7.Lessons learned to review and improve your organization's incident management processes, including: If the attack was achieved by evading detection, your organization should improve your intrusion detection system;If the response takes too long, identify the cause, improve the organization's emergency response plan, and more.
Standards and practices for incident management in cybersecurity may vary, but they basically cover the same elements. It is recommended that organizations establish and improve the network security incident management process based on their own actual conditions.
2) Take precautions and make up for the dead - prevention of network security incidents.
If there is no foresight, there will be near-term worries.

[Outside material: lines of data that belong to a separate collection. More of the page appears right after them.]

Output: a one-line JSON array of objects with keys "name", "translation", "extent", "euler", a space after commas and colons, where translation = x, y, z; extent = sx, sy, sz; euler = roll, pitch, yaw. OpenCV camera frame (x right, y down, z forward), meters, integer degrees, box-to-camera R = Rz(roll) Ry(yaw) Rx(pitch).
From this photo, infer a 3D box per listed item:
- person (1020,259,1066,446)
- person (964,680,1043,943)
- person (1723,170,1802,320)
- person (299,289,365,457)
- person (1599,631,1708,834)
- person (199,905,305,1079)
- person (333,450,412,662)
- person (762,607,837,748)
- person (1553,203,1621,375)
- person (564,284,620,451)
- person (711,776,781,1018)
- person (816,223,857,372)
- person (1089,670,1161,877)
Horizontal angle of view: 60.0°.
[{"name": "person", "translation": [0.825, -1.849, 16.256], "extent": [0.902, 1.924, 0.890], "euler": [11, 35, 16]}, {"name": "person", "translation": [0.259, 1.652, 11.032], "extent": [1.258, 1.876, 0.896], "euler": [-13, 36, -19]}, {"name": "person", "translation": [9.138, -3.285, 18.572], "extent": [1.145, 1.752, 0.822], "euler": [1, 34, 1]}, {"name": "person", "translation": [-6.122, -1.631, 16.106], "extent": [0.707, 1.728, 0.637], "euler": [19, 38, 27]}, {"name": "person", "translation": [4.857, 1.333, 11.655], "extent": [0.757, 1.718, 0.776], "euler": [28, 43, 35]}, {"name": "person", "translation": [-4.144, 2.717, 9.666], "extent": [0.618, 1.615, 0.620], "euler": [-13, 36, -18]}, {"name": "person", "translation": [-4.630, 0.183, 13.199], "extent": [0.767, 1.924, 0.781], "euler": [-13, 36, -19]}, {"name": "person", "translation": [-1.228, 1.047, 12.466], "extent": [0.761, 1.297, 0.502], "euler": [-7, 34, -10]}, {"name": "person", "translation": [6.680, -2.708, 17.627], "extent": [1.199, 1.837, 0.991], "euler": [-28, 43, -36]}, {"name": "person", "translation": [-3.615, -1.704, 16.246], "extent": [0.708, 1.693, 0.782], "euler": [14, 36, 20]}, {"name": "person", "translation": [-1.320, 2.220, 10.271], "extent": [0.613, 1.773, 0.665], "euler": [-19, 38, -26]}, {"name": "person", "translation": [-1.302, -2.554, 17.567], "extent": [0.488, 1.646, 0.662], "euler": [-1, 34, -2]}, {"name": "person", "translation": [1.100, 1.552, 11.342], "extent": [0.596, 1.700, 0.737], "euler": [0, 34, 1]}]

A cybersecurity incident can be a crisis for an organization: an organization's business continuity is under immediate strain, it can suffer significant financial and reputational damage, it needs to respond appropriately at short notice, report to regulators, and so on. Therefore, it is advisable for organizations to prepare for the next cybersecurity incident. In this regard, based on relevant regulations, standards, good industry practices, and our practical experience in assisting in the handling of cybersecurity incidents, we recommend the following aspects.
1.Establish and improve network security management systems and adopt network security technical protection measures, such as:
Develop and enforce network security policies, including encryption, access control, backup and recovery, and more
Deploy extended detection and response (XDR), security information and event management (SIEM) solutions, and more
Conduct regular security assessments of network systems to discover and fix potential security risks.
2.Formulate and improve emergency response plans for cyber security incidents, including:
Refer to the RACI model to clarify the roles and responsibilities involved in incident response within the organization, involving CIO, DPO, IT, legal affairs, public relations, etc
Draw an incident response flow chart to visualize the main nodes and overall process of incident response, so as to facilitate efficient execution by all parties in the incident response process
Define your organization's own incident classification and classification tools for your organization to notify and report to regulators, as well as stakeholders such as affected individuals and customers, based on regulatory requirements, service level agreements, etc.;
Prepare a detailed incident response manual, including: conditions for initiating the plan, composition of the emergency response team, reporting obligations, emergency resource guarantee, post-event education and training, etc.;Also, consider developing contingency guidelines for specific types of important incidents (e.g., ransomware incidents, etc.), system-specific responses.
3.Conduct regular training on emergency plans for network security incidents for relevant personnel, and conduct drills for emergency plans (such as once a year), including: desktop drills, simulation drills, actual combat drills, etc.
4.Regularly re-evaluate the original emergency response plan for network security incidents, revise and improve it.
5.In view of the urgency and professionalism of responding to cybersecurity incidents, consider seeking support from third-party security, lawyer, and public relations teams as soon as possible, rather than after a cybersecurity incident.
Special statement: Dentons strictly abides by the obligation to protect the client's information, and the content of the client's project involved in this article is taken from public information or obtained the client's consent. The content and opinions expressed in this article are for reference only and do not represent any position of Dentons, nor should they be regarded as issuing any form of legal advice or recommendation. If you need to ** or quote any content of the article, please send a private message to communicate the authorization and indicate ** at the beginning of the article**. You may not ** or use any of the content in such articles without authorization.